TICKERS = ('AMZN', 'MSFT', 'XOM', 'NFLX', 'SPY')

HIDE_TICKERS = ('AOS', 'FSLY', 'NOW', 'PLTR', 'TSLA', 'VNOM', 'RIVN', 'NKTR') # Keep these tickers for database, but do not show them in best_options, because you do not want to own them.  

FILE_ID_TAG       = '_Tonka'

# *****************
#
# Import Libraries
#
# *****************

import csv
import copy
import json
import numpy as np
import os
import pandas as pd
import requests   # for http requests
import scipy
from   scipy import stats
from   scipy.stats import norm
import time
import yfinance as yf

import datetime
from   datetime import datetime
from   datetime import date
from   datetime import timedelta
#from   datetime import fromtimestamp

from   dateutil.relativedelta  import relativedelta
from   yahoo_earnings_calendar import YahooEarningsCalendar

#import investpy
#import glob
#import collections
#from enum import Enum
#import re     # re is regular expression. For searching strings.

# *****************
#
# Flow Control
# Internal Constants
#
# *****************

update_root_data      = True  #skip WTI call if testing code. Just use synthetic WTI_dict instead.
update_root_data_ER   = True  #skip call to yahoo calendar if testing code.
update_option_data    = True  #skip calls to yfinance if testing code.


profile = 'POWARRMax'

DATE_FORMAT       = '%Y-%m-%d %H:%M:%S'

TICKER_DELAY      = 0.020  # seconds between tickers for data requests.
EXPIRY_DELAY      = 0.005

MAX_DAYSOUT = 366.0  # This constant controls how many expiry strings are downloaded. Use low # to exclude BTOS and reduce ext. calls. Hi # includes BTOS.
MIN_DAYSOUT = 3.0

FEE_SPREAD = 0.75     # Fee in the bid/ask range.

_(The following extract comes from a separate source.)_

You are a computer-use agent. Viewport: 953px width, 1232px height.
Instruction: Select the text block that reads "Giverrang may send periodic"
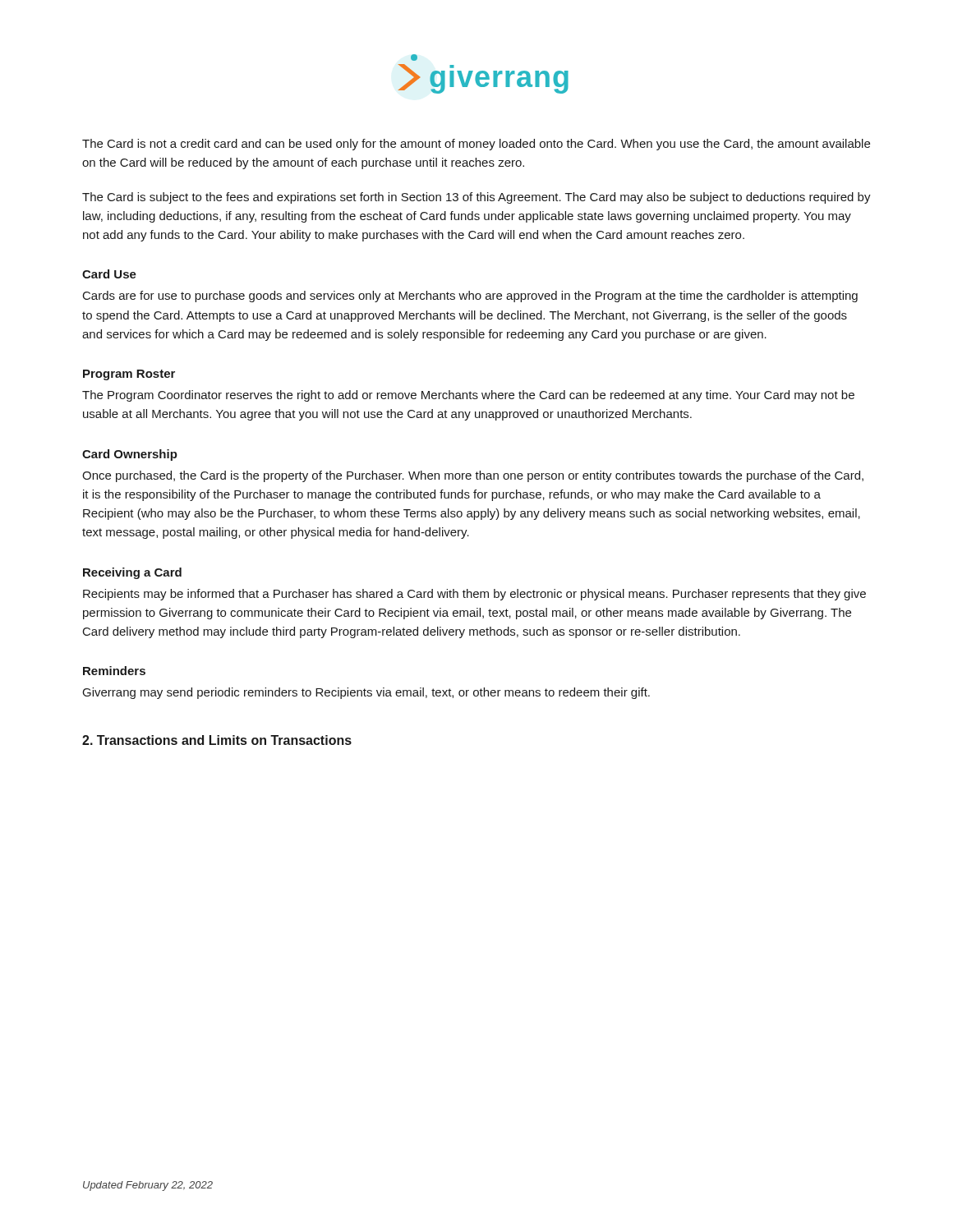[x=366, y=692]

call_ticker_options = pd.DataFrame()
put_ticker_options  = pd.DataFrame()
ticker_options      = pd.DataFrame() # for a single ticker
all_options         = pd.DataFrame() # includes options for all tickers. Do not use any limits or exclusions for all_options.
good_options        = pd.DataFrame() # Has rankings for CSTO options and BTOs (CBTO).
stats               = pd.DataFrame() # Not used now.
options_open        = pd.DataFrame() # persistent file used by OptionCloser to recommend BTC offers.
    


In [2]:
# *****************
# Get option data.
#
# 1. Get real-time price data from Darqube. Write to root_data. 
# 2. Get ER dates from Yahoo Earnings Calendar and write to root_data.
# 3. Get option strings from yfinance. Use "try" statements to skip over exp dates where call to yfinance failed.
# 4. Parse the option data fields into the common POWMax formats. 
# 
# *****************

#Use Darqube for stock price data - both market and historical.

root_data = pd.read_csv('root_data.csv')
root_data.set_index('Ticker', inplace = True, drop = True)

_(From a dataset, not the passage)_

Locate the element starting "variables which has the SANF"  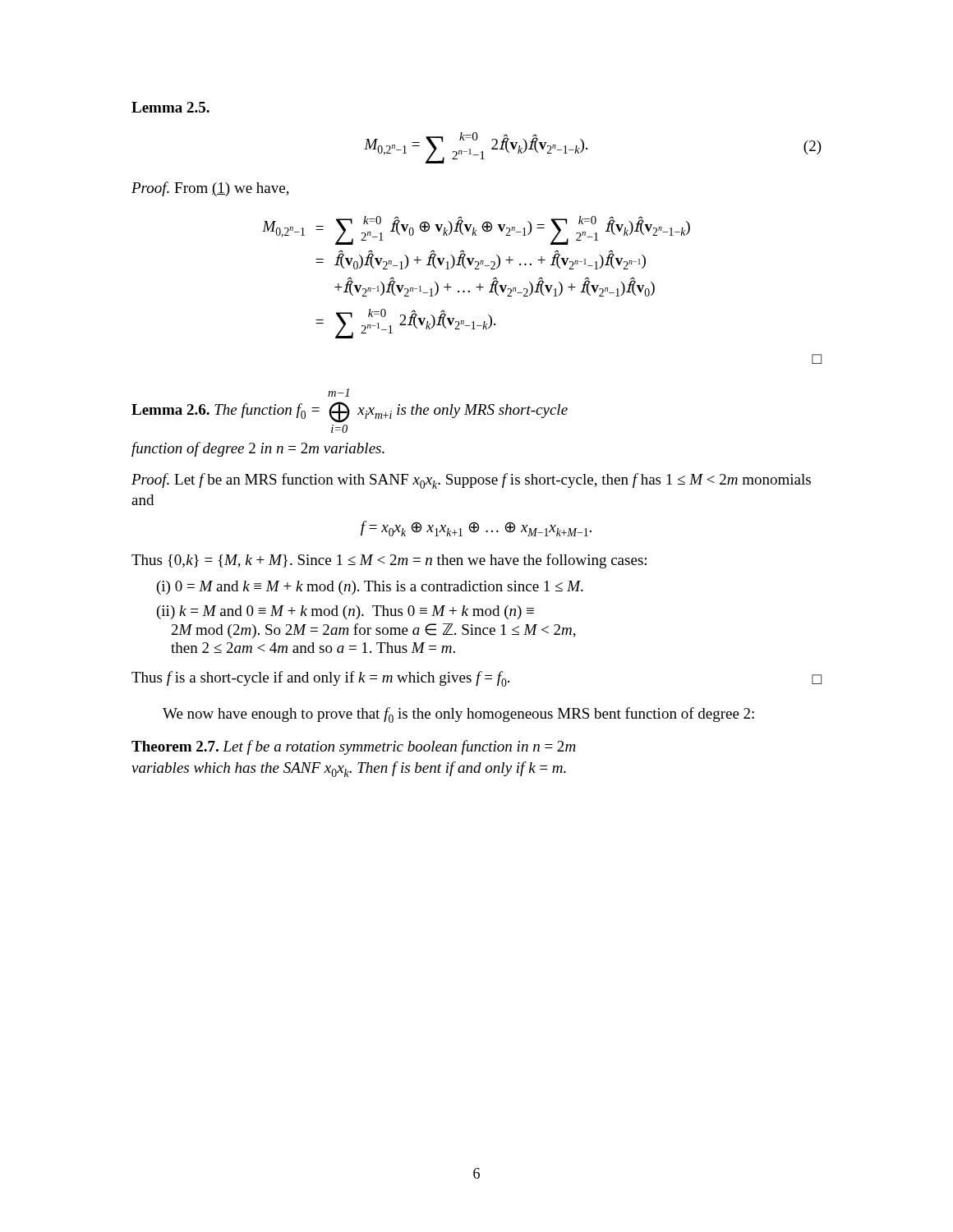349,769

print('start Darqube access at:  ', datetime.now(), '  Done in ',len(TICKERS) * 1.0 / 60.0, ' minutes.')
for ticker in TICKERS:

    price_rqst = 'https://api.darqube.com/data-api/market_data/quote/' + ticker + '?token=' + DAR_key
    response = requests.get(price_rqst)
    price_dict = response.json()
    
    root_data.loc[ticker, 'root price'] = price_dict['price']

root_data.sort_index(inplace = True) #Save root_data with updated ER dates.
root_data.to_csv('root_data.csv')
print(datetime.now())

if update_root_data_ER:                # skip call to YEC for ER update
    days_to_check_ER = (1, 4)  #check for ER updates when day # matches any in this list. This combo guarantees ER check on at least one date each month. 
    print('today date = ', date.today().day)
    if date.today().day in days_to_check_ER:
        yec_custom_delay_s = 0.1
        yec = YahooEarningsCalendar(yec_custom_delay_s)
        print('      Just updating ER dates.')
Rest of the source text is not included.